(Stored items)
----------

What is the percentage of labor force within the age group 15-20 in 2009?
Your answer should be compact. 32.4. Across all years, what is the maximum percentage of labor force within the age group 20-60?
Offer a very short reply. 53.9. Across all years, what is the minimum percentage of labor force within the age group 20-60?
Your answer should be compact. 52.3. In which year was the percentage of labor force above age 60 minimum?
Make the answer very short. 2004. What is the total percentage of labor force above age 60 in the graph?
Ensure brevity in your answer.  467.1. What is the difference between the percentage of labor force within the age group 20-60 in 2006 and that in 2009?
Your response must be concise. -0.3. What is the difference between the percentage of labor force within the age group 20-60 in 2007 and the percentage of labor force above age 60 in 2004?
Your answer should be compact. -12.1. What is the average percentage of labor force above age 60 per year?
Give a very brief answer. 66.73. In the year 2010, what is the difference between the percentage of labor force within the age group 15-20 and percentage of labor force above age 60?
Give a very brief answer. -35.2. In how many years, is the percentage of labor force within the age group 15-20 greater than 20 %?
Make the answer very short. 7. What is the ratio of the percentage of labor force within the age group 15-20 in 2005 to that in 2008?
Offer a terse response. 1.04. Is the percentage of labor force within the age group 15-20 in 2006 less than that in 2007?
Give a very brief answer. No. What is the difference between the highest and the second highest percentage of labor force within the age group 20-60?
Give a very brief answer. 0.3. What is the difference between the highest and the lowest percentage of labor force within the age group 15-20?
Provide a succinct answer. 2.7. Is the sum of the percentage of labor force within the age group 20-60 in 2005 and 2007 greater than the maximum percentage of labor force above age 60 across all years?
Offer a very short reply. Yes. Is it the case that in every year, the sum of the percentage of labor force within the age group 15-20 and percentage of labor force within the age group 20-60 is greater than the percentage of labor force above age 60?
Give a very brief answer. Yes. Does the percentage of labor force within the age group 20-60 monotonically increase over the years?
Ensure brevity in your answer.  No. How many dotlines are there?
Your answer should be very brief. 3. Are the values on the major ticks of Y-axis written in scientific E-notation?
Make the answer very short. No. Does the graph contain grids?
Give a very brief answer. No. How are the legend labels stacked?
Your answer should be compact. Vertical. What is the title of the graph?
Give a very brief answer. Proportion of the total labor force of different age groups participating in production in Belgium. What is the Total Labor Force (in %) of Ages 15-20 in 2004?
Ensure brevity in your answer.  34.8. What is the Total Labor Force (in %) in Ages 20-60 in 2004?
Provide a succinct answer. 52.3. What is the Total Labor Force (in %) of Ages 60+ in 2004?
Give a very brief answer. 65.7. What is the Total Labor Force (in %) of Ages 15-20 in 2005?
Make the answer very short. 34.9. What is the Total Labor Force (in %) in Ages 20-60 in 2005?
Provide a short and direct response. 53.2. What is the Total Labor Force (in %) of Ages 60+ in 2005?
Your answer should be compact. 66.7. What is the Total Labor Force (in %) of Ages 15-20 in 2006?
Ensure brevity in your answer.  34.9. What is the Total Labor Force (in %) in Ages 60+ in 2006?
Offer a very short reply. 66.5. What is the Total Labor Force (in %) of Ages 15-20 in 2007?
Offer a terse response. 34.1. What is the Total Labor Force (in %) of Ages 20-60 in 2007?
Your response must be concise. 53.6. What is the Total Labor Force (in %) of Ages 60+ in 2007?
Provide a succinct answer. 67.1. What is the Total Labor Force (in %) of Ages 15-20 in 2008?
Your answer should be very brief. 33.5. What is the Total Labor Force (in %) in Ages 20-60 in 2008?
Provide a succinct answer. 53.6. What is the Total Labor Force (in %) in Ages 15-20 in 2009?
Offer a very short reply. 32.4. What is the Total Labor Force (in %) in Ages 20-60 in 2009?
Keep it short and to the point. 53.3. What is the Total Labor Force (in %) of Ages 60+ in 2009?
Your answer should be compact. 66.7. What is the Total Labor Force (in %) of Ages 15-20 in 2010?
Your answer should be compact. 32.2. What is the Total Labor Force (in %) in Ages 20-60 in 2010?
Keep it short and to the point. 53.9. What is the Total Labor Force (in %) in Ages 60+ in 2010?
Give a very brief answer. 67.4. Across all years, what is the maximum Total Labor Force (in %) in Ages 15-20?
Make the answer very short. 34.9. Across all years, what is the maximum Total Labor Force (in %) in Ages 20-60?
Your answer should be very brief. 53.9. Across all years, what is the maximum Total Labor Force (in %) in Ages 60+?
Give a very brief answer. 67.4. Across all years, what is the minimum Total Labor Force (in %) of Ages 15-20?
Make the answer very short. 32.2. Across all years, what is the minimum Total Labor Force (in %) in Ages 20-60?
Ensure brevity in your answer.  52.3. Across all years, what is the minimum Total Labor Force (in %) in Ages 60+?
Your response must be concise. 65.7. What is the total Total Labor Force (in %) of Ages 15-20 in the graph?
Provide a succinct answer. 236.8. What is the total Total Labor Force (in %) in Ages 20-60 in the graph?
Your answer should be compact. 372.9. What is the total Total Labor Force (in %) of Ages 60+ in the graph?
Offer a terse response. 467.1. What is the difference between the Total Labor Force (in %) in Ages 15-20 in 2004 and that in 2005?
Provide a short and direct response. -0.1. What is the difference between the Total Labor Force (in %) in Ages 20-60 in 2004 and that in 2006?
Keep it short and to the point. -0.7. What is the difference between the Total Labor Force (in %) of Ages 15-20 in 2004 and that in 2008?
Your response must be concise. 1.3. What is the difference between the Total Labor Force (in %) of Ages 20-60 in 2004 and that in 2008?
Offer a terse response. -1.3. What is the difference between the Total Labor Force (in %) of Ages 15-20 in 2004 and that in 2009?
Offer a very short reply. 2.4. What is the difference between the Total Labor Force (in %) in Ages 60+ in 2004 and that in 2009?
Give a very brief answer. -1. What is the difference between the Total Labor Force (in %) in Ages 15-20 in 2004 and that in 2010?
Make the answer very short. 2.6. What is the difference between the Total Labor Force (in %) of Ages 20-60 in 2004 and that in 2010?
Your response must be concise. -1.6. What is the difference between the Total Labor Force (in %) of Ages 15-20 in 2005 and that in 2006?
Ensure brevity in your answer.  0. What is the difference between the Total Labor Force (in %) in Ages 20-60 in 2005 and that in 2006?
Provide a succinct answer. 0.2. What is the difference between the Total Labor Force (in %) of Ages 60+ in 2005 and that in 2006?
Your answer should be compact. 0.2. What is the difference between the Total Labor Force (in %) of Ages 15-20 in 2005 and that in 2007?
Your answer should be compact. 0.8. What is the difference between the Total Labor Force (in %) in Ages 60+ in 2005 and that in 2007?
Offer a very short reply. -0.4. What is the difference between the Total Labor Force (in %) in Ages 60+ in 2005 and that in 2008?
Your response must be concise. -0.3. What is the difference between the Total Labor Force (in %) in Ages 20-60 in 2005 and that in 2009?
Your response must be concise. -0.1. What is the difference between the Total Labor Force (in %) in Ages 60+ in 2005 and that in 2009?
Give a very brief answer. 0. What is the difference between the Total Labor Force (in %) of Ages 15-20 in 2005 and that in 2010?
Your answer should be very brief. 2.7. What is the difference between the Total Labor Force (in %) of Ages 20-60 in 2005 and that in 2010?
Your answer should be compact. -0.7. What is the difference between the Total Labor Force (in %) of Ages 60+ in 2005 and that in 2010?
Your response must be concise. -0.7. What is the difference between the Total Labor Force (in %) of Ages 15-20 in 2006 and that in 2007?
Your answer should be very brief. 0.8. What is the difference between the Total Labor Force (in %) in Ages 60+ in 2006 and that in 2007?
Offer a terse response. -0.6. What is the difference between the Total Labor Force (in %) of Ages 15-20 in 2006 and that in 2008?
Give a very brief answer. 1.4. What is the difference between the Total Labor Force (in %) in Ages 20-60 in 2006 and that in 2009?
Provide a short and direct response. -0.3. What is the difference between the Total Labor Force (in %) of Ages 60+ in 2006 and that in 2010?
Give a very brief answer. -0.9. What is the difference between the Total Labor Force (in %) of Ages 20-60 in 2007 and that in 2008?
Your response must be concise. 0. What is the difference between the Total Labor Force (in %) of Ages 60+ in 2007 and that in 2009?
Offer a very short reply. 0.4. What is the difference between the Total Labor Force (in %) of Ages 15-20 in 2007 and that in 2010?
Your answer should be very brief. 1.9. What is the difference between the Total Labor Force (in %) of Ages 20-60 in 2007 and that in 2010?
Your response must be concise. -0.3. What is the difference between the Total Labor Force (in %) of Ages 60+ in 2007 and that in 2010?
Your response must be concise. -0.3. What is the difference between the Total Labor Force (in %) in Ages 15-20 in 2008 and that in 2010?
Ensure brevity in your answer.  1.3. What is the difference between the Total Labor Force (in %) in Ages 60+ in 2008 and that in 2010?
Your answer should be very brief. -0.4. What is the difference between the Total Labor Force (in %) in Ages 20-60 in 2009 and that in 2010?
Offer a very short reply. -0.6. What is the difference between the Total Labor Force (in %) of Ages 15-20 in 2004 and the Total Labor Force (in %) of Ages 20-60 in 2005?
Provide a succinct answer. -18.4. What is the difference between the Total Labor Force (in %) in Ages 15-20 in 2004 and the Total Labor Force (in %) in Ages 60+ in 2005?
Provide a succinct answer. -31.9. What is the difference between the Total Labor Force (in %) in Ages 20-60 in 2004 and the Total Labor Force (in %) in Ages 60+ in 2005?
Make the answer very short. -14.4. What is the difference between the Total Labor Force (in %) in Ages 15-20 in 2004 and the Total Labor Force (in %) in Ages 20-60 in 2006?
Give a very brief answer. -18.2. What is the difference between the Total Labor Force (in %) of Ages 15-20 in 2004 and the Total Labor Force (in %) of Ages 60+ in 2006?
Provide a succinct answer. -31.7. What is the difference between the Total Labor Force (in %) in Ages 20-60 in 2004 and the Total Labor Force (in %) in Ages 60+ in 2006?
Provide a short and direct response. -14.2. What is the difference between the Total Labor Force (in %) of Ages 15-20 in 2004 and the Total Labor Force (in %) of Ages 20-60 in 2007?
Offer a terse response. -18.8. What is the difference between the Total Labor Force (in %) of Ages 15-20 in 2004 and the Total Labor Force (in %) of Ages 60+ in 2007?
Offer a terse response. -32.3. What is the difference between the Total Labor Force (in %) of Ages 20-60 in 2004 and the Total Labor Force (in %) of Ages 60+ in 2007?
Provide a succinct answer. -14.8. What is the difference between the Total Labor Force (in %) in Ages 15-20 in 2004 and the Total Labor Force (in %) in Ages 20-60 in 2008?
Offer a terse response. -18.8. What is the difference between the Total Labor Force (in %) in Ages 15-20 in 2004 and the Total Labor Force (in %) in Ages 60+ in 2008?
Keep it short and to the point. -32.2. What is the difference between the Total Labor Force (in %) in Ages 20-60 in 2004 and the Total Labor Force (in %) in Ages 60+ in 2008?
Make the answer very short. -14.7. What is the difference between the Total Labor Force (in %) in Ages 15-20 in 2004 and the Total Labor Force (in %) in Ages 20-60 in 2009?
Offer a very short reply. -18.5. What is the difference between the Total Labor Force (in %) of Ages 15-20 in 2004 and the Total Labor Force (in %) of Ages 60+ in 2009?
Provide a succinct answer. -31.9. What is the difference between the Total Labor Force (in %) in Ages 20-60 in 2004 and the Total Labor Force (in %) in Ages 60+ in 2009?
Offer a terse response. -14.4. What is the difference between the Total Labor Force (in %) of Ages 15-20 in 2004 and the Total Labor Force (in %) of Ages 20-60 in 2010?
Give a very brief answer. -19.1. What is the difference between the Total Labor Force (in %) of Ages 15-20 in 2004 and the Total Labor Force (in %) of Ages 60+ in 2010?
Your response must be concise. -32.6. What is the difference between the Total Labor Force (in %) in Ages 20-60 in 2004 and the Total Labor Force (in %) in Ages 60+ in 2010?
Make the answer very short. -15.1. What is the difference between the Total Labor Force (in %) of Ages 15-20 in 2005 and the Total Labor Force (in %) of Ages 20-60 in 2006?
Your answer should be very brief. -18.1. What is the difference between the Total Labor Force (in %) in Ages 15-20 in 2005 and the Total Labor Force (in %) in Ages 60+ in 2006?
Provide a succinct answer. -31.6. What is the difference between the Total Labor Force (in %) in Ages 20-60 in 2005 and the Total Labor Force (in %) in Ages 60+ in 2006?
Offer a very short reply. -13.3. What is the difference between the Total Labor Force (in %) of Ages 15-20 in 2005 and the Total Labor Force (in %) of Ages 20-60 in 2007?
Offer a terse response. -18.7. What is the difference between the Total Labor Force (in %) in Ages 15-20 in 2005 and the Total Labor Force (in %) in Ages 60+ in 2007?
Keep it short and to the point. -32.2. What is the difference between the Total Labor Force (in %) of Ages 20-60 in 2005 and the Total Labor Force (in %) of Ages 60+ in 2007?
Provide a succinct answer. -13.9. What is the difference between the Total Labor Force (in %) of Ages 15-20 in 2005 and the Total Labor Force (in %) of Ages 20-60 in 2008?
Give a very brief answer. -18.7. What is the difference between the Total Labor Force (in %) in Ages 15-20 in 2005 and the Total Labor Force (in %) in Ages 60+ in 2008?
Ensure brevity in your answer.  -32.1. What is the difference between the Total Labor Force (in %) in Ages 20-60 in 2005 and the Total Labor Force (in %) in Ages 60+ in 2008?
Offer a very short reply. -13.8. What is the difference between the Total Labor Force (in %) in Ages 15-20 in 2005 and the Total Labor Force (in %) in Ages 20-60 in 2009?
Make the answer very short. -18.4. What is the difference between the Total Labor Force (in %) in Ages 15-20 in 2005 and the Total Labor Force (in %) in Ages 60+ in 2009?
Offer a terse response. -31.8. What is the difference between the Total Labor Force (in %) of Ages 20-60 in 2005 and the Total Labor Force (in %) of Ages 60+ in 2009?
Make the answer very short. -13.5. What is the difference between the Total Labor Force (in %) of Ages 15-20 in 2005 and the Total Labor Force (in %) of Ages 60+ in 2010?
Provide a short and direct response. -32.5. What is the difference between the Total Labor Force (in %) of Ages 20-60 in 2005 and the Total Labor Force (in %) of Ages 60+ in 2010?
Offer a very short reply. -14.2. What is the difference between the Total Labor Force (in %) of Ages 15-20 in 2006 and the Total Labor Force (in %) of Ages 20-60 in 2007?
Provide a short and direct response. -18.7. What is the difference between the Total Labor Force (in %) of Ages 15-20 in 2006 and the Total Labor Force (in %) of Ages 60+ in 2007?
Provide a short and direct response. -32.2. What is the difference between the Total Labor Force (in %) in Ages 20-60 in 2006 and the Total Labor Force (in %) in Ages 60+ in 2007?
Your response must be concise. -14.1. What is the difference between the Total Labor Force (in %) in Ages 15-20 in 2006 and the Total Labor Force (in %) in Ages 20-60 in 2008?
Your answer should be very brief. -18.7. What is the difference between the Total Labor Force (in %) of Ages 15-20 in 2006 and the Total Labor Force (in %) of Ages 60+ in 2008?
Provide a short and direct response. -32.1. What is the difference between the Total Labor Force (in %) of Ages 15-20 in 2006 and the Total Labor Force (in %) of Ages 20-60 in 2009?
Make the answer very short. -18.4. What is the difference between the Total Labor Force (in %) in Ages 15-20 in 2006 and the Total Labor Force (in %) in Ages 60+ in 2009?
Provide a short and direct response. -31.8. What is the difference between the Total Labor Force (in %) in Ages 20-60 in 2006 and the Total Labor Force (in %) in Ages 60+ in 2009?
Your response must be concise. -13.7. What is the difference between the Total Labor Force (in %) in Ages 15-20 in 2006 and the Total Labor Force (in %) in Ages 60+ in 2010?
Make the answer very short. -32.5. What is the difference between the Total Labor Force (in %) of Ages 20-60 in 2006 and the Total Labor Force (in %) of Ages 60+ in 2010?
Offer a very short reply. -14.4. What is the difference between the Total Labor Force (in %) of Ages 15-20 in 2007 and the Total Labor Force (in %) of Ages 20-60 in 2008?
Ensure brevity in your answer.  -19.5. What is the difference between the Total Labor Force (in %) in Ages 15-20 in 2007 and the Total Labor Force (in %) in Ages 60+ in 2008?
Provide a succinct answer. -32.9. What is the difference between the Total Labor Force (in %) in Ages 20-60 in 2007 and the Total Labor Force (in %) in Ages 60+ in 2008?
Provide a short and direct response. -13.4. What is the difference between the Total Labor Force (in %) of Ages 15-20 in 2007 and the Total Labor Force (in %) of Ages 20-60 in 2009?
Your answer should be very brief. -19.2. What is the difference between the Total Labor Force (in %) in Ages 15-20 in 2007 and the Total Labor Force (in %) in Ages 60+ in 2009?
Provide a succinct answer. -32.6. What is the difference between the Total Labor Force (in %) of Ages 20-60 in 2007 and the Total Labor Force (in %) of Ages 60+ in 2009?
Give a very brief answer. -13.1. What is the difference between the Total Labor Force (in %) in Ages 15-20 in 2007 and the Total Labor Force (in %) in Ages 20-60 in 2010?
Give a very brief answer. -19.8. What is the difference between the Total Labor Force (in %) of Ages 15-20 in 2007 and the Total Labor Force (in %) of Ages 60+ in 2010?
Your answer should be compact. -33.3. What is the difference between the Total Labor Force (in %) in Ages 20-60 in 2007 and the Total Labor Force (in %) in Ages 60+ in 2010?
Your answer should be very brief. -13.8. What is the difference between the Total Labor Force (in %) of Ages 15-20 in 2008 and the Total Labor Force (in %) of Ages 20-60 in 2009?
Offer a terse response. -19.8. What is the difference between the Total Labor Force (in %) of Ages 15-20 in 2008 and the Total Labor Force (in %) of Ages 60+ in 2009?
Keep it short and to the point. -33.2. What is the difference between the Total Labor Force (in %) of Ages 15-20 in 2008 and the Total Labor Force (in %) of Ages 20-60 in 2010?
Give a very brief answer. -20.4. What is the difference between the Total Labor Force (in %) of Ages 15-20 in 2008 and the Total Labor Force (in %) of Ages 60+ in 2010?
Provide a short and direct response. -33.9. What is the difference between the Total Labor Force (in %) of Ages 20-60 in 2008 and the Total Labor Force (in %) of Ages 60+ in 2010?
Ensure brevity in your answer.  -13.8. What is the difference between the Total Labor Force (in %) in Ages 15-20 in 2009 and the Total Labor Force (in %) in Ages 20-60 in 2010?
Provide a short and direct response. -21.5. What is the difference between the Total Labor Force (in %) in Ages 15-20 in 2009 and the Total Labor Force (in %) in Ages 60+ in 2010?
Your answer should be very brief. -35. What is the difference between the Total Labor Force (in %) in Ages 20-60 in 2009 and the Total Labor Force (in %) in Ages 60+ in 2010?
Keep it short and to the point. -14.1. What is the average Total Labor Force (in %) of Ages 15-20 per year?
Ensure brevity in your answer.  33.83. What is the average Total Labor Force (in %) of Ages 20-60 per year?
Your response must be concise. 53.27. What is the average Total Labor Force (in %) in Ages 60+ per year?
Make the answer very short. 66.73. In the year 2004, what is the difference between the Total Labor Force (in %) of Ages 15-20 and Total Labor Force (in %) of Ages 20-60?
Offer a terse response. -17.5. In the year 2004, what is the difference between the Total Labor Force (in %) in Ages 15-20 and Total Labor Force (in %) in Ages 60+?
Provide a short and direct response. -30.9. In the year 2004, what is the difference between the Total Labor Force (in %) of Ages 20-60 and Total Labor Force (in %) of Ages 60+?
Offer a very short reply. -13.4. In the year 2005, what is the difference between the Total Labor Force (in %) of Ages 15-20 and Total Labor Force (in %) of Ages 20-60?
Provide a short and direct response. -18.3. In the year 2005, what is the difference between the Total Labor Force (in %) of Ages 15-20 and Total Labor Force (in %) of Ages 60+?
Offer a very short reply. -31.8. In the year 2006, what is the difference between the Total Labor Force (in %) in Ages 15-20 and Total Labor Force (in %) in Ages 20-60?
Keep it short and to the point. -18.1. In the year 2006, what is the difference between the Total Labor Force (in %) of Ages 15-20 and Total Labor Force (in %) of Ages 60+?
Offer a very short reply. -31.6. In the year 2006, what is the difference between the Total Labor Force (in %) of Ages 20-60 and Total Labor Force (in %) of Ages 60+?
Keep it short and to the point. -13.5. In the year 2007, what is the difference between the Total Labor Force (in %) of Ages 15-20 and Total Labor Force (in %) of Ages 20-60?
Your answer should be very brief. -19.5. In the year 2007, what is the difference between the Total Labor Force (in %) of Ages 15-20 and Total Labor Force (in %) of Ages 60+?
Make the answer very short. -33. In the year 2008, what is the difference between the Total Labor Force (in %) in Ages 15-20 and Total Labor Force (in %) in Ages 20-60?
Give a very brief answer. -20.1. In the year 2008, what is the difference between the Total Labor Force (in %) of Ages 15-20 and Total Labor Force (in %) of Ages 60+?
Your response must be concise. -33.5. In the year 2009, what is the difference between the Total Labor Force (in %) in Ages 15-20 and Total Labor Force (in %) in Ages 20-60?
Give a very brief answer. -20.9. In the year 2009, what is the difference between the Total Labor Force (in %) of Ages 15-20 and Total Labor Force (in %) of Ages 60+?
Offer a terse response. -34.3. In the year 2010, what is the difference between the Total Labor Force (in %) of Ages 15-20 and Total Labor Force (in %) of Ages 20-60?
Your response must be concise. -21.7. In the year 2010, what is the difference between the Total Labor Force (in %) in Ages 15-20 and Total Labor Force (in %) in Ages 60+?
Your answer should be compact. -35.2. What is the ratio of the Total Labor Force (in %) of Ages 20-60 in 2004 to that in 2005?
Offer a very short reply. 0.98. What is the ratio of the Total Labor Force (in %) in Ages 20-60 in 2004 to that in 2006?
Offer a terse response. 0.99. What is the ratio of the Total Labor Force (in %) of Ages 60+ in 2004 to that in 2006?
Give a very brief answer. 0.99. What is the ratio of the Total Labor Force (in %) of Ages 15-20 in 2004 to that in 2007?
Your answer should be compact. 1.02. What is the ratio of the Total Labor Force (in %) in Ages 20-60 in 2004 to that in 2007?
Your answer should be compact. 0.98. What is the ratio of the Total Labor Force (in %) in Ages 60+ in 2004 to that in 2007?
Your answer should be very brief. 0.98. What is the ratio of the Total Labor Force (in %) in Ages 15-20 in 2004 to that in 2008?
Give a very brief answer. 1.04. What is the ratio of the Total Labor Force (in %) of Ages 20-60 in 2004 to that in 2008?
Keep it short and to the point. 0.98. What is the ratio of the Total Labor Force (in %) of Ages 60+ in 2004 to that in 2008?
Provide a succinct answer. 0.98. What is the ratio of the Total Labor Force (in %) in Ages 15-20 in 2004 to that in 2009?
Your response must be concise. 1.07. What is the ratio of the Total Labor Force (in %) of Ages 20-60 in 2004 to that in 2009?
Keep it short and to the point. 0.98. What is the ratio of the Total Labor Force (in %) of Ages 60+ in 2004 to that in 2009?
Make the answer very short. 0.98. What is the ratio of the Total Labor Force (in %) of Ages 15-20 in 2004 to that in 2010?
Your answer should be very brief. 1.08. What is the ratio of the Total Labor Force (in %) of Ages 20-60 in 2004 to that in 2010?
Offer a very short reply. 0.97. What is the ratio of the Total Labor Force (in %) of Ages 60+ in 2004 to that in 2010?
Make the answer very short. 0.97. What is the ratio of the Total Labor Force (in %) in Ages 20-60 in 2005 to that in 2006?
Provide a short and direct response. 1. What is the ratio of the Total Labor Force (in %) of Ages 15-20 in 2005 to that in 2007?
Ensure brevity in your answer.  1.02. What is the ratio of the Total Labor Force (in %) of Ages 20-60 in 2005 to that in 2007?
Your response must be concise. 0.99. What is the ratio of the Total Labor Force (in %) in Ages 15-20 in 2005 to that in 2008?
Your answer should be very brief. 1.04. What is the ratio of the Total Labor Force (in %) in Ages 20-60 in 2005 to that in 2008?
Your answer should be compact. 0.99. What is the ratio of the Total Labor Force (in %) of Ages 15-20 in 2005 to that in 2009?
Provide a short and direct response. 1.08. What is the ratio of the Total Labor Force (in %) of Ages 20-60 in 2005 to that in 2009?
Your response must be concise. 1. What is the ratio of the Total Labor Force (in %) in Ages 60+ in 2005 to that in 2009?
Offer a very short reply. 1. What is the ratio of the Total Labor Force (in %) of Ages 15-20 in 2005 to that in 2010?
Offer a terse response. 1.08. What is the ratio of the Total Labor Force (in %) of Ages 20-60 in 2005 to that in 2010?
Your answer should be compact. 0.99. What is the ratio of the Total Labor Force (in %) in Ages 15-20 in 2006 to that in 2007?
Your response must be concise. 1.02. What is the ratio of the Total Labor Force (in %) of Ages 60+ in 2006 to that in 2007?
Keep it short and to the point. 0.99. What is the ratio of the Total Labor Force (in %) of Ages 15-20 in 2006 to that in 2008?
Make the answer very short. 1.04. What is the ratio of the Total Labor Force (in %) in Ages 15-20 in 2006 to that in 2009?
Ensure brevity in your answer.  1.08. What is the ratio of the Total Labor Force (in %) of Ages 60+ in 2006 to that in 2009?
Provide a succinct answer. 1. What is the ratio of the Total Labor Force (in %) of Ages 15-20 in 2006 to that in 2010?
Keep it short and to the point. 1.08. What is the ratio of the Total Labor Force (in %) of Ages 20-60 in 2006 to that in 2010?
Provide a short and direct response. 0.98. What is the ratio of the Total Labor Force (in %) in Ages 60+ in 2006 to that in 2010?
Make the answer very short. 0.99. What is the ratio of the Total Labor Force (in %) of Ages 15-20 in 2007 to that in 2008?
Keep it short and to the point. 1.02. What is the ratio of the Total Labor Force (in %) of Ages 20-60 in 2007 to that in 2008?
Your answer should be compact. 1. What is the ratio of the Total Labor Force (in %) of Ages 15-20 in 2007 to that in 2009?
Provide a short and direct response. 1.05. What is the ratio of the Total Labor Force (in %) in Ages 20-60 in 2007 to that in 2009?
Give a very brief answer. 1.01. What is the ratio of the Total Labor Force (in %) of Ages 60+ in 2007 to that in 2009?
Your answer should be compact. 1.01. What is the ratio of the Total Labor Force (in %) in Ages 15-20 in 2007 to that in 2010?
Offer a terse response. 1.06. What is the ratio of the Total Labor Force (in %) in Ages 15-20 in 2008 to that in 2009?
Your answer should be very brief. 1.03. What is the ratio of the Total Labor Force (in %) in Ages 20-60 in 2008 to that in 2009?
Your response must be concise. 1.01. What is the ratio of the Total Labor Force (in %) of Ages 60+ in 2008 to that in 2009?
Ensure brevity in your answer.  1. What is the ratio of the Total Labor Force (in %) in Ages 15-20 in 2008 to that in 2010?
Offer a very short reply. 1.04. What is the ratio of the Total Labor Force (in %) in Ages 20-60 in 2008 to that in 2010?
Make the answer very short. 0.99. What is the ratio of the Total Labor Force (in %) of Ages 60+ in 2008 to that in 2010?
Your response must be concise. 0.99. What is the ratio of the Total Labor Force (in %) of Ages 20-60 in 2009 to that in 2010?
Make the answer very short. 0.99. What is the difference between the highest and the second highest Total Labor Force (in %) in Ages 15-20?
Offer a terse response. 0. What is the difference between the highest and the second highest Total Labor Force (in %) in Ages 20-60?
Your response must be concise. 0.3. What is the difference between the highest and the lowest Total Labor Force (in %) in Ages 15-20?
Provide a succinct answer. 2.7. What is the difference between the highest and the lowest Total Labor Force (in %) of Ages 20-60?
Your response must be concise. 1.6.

----------

TASK REQUIREMENTS
Would you please copy exactly the part of the entries above that begins at the line containing "Offer a very short reply. -31.6." and ends at the line containing "Your response must be concise. -21.7.", both lines included?

REPLY TO THE EXERCISE
Offer a very short reply. -31.6. In the year 2006, what is the difference between the Total Labor Force (in %) of Ages 20-60 and Total Labor Force (in %) of Ages 60+?
Keep it short and to the point. -13.5. In the year 2007, what is the difference between the Total Labor Force (in %) of Ages 15-20 and Total Labor Force (in %) of Ages 20-60?
Your answer should be very brief. -19.5. In the year 2007, what is the difference between the Total Labor Force (in %) of Ages 15-20 and Total Labor Force (in %) of Ages 60+?
Make the answer very short. -33. In the year 2008, what is the difference between the Total Labor Force (in %) in Ages 15-20 and Total Labor Force (in %) in Ages 20-60?
Give a very brief answer. -20.1. In the year 2008, what is the difference between the Total Labor Force (in %) of Ages 15-20 and Total Labor Force (in %) of Ages 60+?
Your response must be concise. -33.5. In the year 2009, what is the difference between the Total Labor Force (in %) in Ages 15-20 and Total Labor Force (in %) in Ages 20-60?
Give a very brief answer. -20.9. In the year 2009, what is the difference between the Total Labor Force (in %) of Ages 15-20 and Total Labor Force (in %) of Ages 60+?
Offer a terse response. -34.3. In the year 2010, what is the difference between the Total Labor Force (in %) of Ages 15-20 and Total Labor Force (in %) of Ages 20-60?
Your response must be concise. -21.7. In the year 2010, what is the difference between the Total Labor Force (in %) in Ages 15-20 and Total Labor Force (in %) in Ages 60+?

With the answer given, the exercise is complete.